:: PROBLEM DESCRIPTION ::
Take from the entries below the stretch from the line with "Answer: $199.00 What" through the line with "Your answer should be very brief. 1134.89.", and return it exactly, leaving the pictures out.

:: DATA UNDER STUDY ::

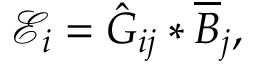Convert formula to latex. <formula><loc_0><loc_0><loc_500><loc_500>\mathcal { E } _ { i } = \hat { G } _ { i j } * \overline { B } _ { j } ,</formula> 
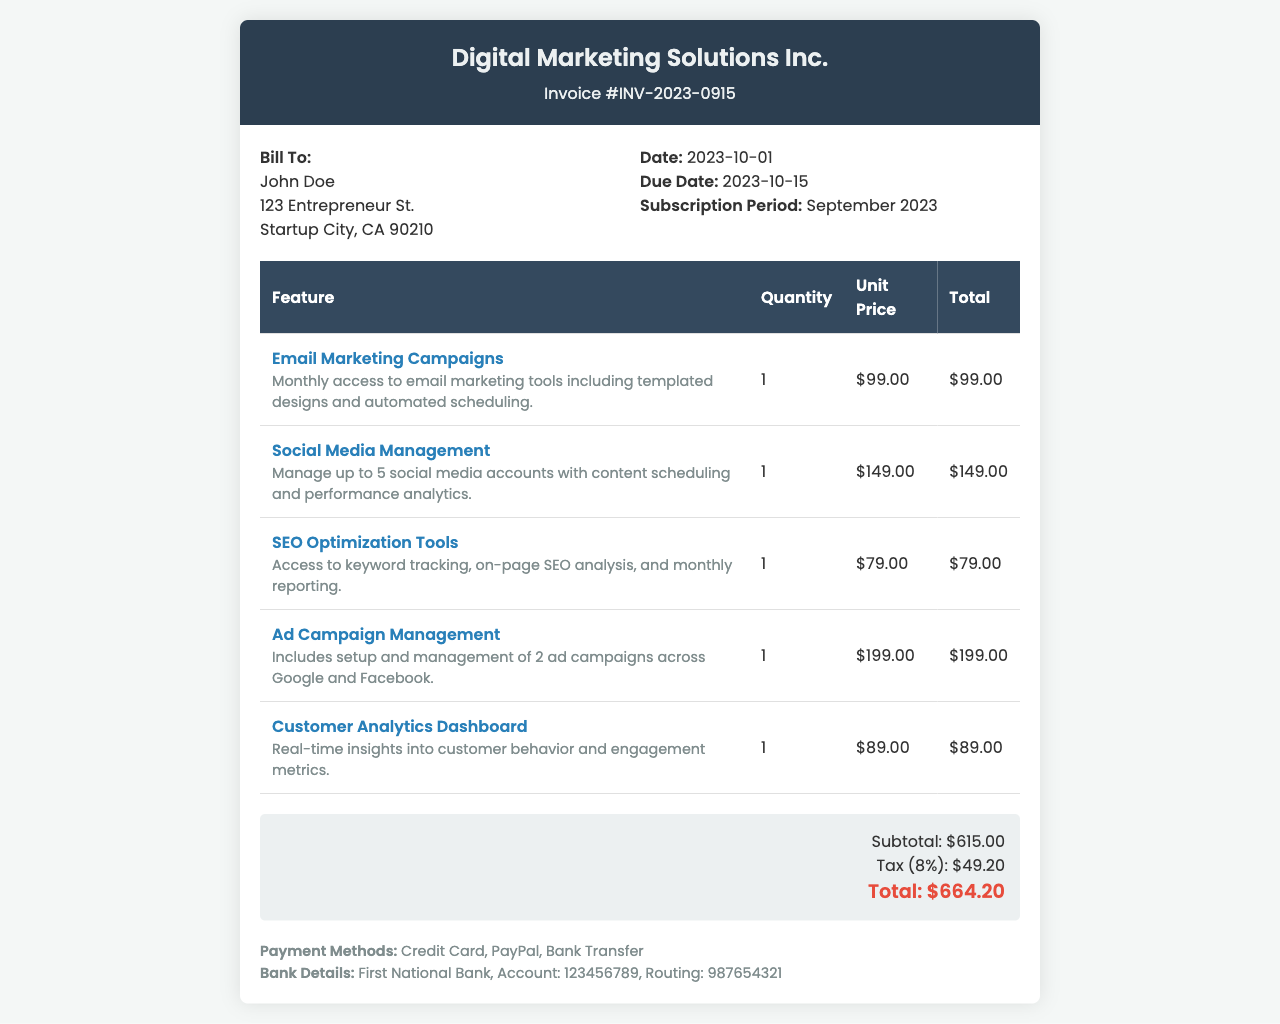What is the invoice number? The invoice number is clearly stated in the header of the document, labeled as "Invoice #".
Answer: INV-2023-0915 Who is the invoice billed to? The "Bill To" section provides the name of the individual or entity the invoice is addressed to.
Answer: John Doe What is the total amount due? The total amount due is shown at the bottom of the invoice within the summary section.
Answer: $664.20 What is the due date for the payment? The due date is specified in the invoice details section, indicating when the payment is required.
Answer: 2023-10-15 How many features are listed in the invoice? The features are itemized in a table, and the total count can be determined by counting the rows in that section.
Answer: 5 What is the unit price of the Ad Campaign Management feature? The unit price is found in the invoice table next to the related feature.
Answer: $199.00 What is the tax rate applied on the invoice? The tax amount is provided in the summary, and the tax rate can be deduced from the values given.
Answer: 8% What payment methods are accepted? The payment methods are explicitly listed in the payment methods section of the document.
Answer: Credit Card, PayPal, Bank Transfer What is the subtotal before tax? The subtotal is displayed separately in the summary section above the tax calculation.
Answer: $615.00 
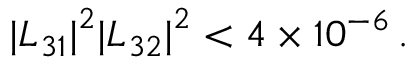Convert formula to latex. <formula><loc_0><loc_0><loc_500><loc_500>{ | L _ { 3 1 } | } ^ { 2 } { | L _ { 3 2 } | } ^ { 2 } < 4 \times 1 0 ^ { - 6 } \, .</formula> 
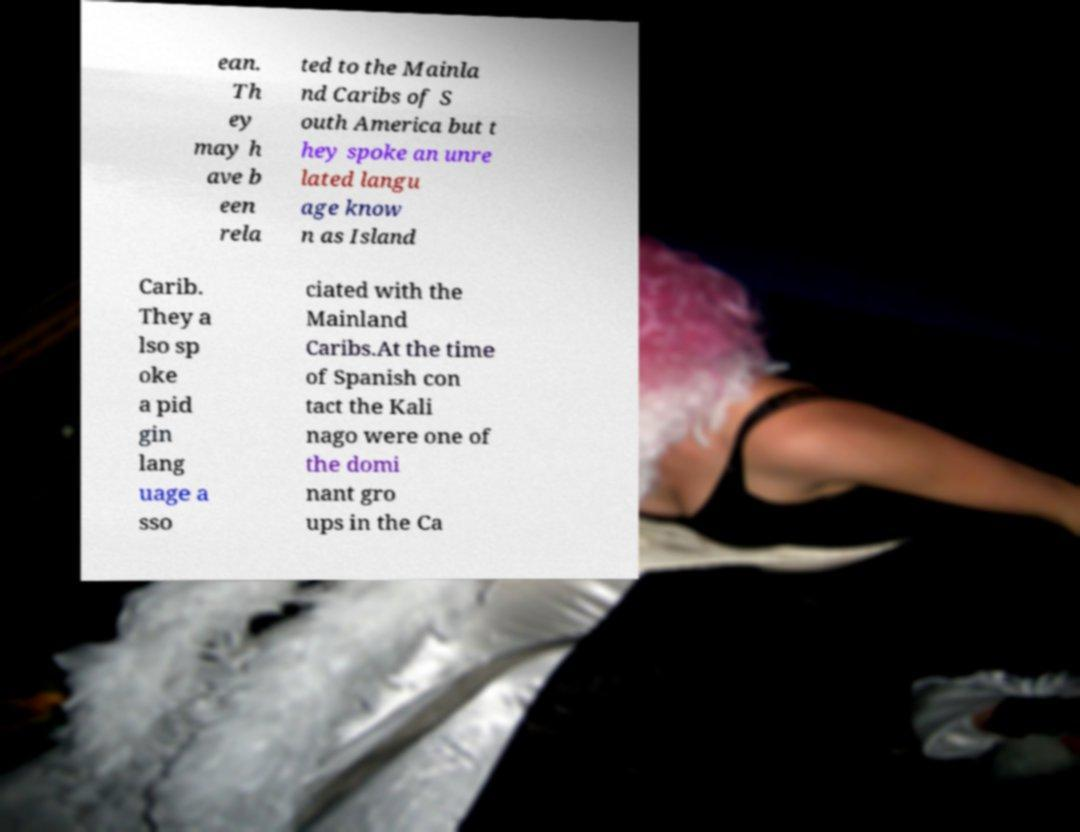Please read and relay the text visible in this image. What does it say? ean. Th ey may h ave b een rela ted to the Mainla nd Caribs of S outh America but t hey spoke an unre lated langu age know n as Island Carib. They a lso sp oke a pid gin lang uage a sso ciated with the Mainland Caribs.At the time of Spanish con tact the Kali nago were one of the domi nant gro ups in the Ca 
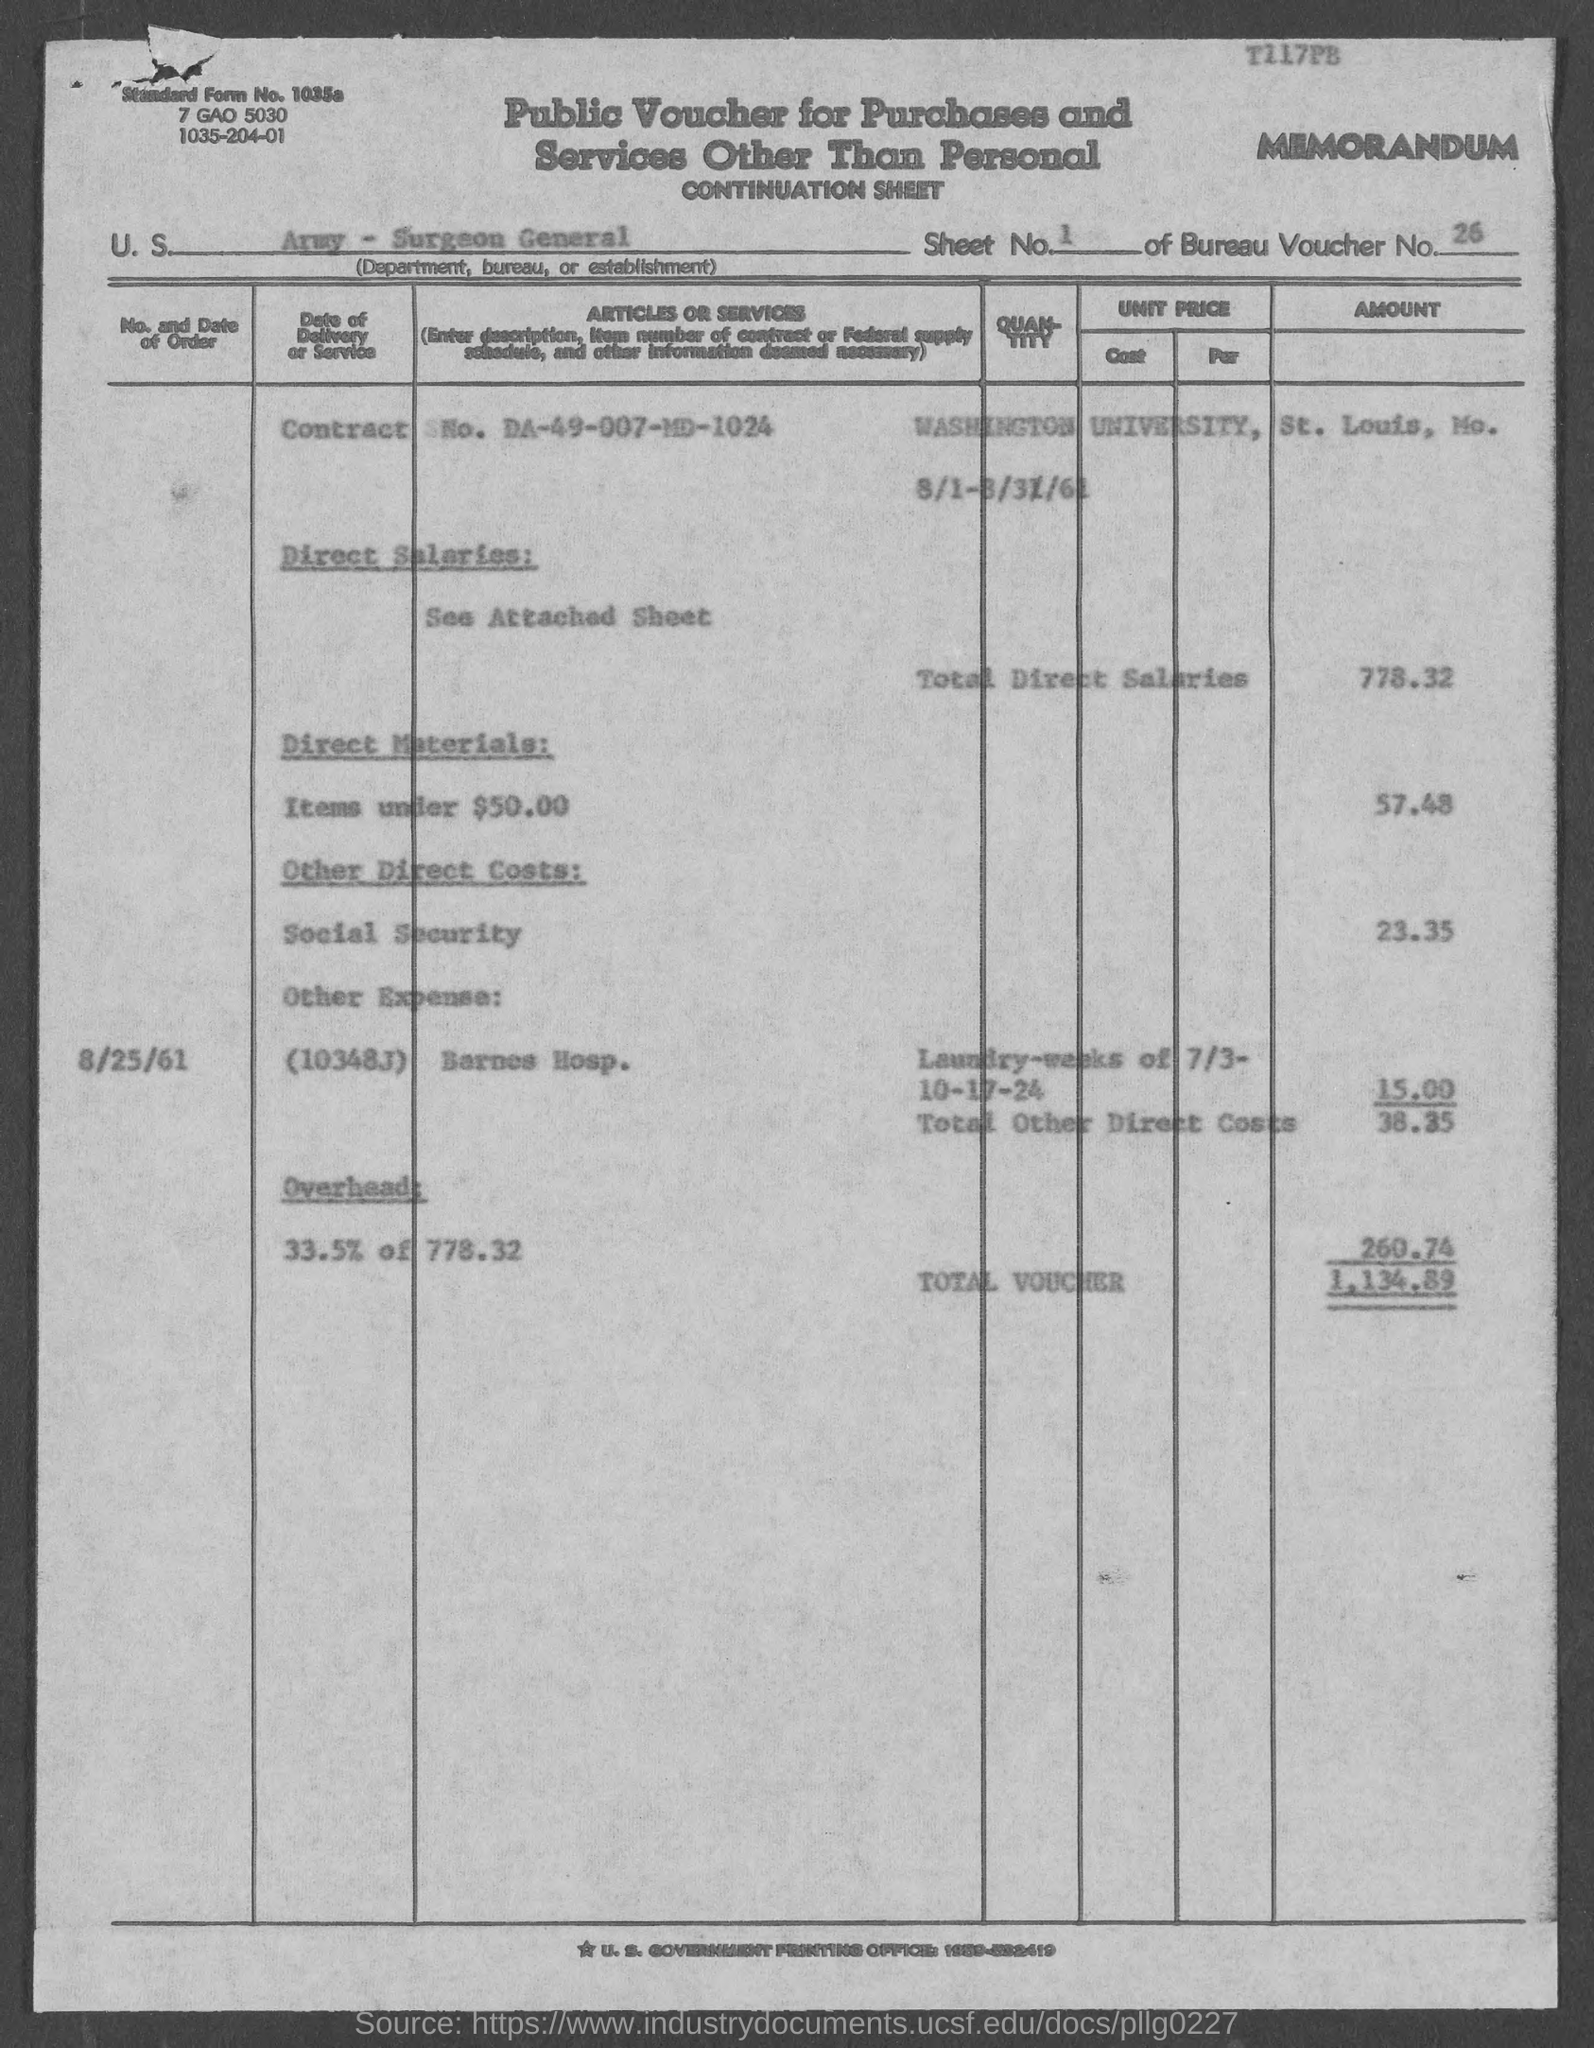What number is given in the top-right corner?
Your answer should be very brief. T117PB. What is the bureau voucher number?
Keep it short and to the point. 26. How much is the total voucher amount?
Your answer should be very brief. 1134.89. Under what sub heading  'See Attached sheet' comes?
Make the answer very short. Direct Salaries. What is the cost of direct materials?
Make the answer very short. 57.48. What is given in the form against the point U. S ?
Give a very brief answer. Army - Surgeon General. 
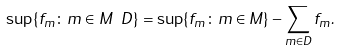<formula> <loc_0><loc_0><loc_500><loc_500>\sup \{ f _ { m } \colon m \in M \ D \} = \sup \{ f _ { m } \colon m \in M \} - \sum _ { m \in D } f _ { m } .</formula> 
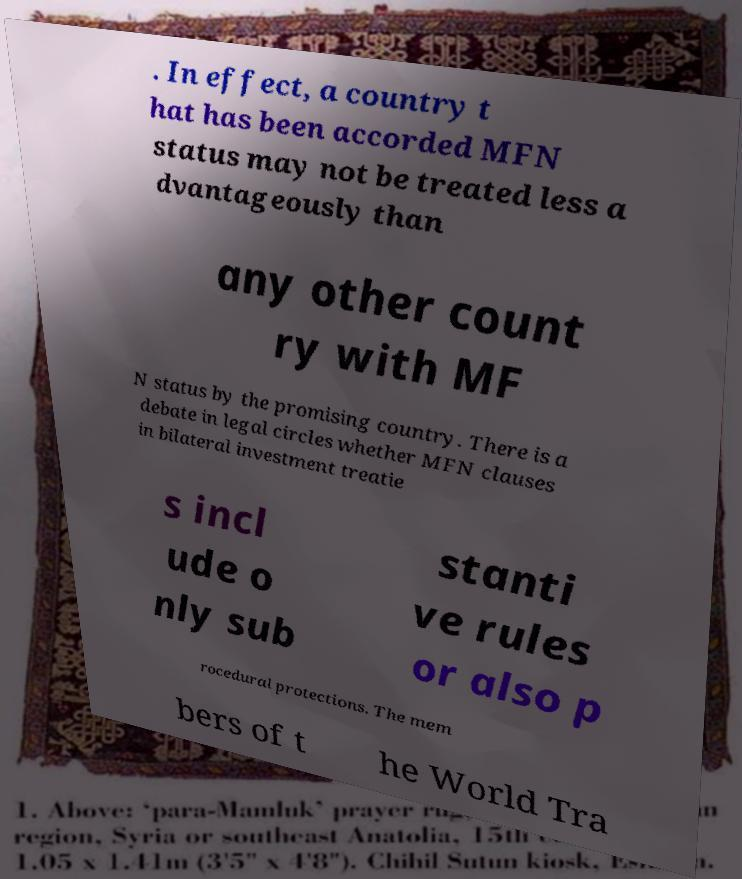Could you assist in decoding the text presented in this image and type it out clearly? . In effect, a country t hat has been accorded MFN status may not be treated less a dvantageously than any other count ry with MF N status by the promising country. There is a debate in legal circles whether MFN clauses in bilateral investment treatie s incl ude o nly sub stanti ve rules or also p rocedural protections. The mem bers of t he World Tra 
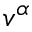Convert formula to latex. <formula><loc_0><loc_0><loc_500><loc_500>v ^ { \alpha }</formula>

:::

:: ANSWER ::
Answer: $199.00 What is the tax rate applied on the invoice? The tax amount is provided in the summary, and the tax rate can be deduced from the values given.
Answer: 8% What payment methods are accepted? The payment methods are explicitly listed in the payment methods section of the document.
Answer: Credit Card, PayPal, Bank Transfer What is the subtotal before tax? The subtotal is displayed separately in the summary section above the tax calculation.
Answer: $615.00 
Convert formula to latex. <formula><loc_0><loc_0><loc_500><loc_500>{ | L _ { 3 1 } | } ^ { 2 } { | L _ { 3 2 } | } ^ { 2 } < 4 \times 1 0 ^ { - 6 } \, .</formula> 
Please read and relay the text visible in this image. What does it say? ean. Th ey may h ave b een rela ted to the Mainla nd Caribs of S outh America but t hey spoke an unre lated langu age know n as Island Carib. They a lso sp oke a pid gin lang uage a sso ciated with the Mainland Caribs.At the time of Spanish con tact the Kali nago were one of the domi nant gro ups in the Ca 
What number is given in the top-right corner?
Your answer should be very brief. T117PB. What is the bureau voucher number?
Keep it short and to the point. 26. How much is the total voucher amount?
Your answer should be very brief. 1134.89. Under what sub heading  'See Attached sheet' comes?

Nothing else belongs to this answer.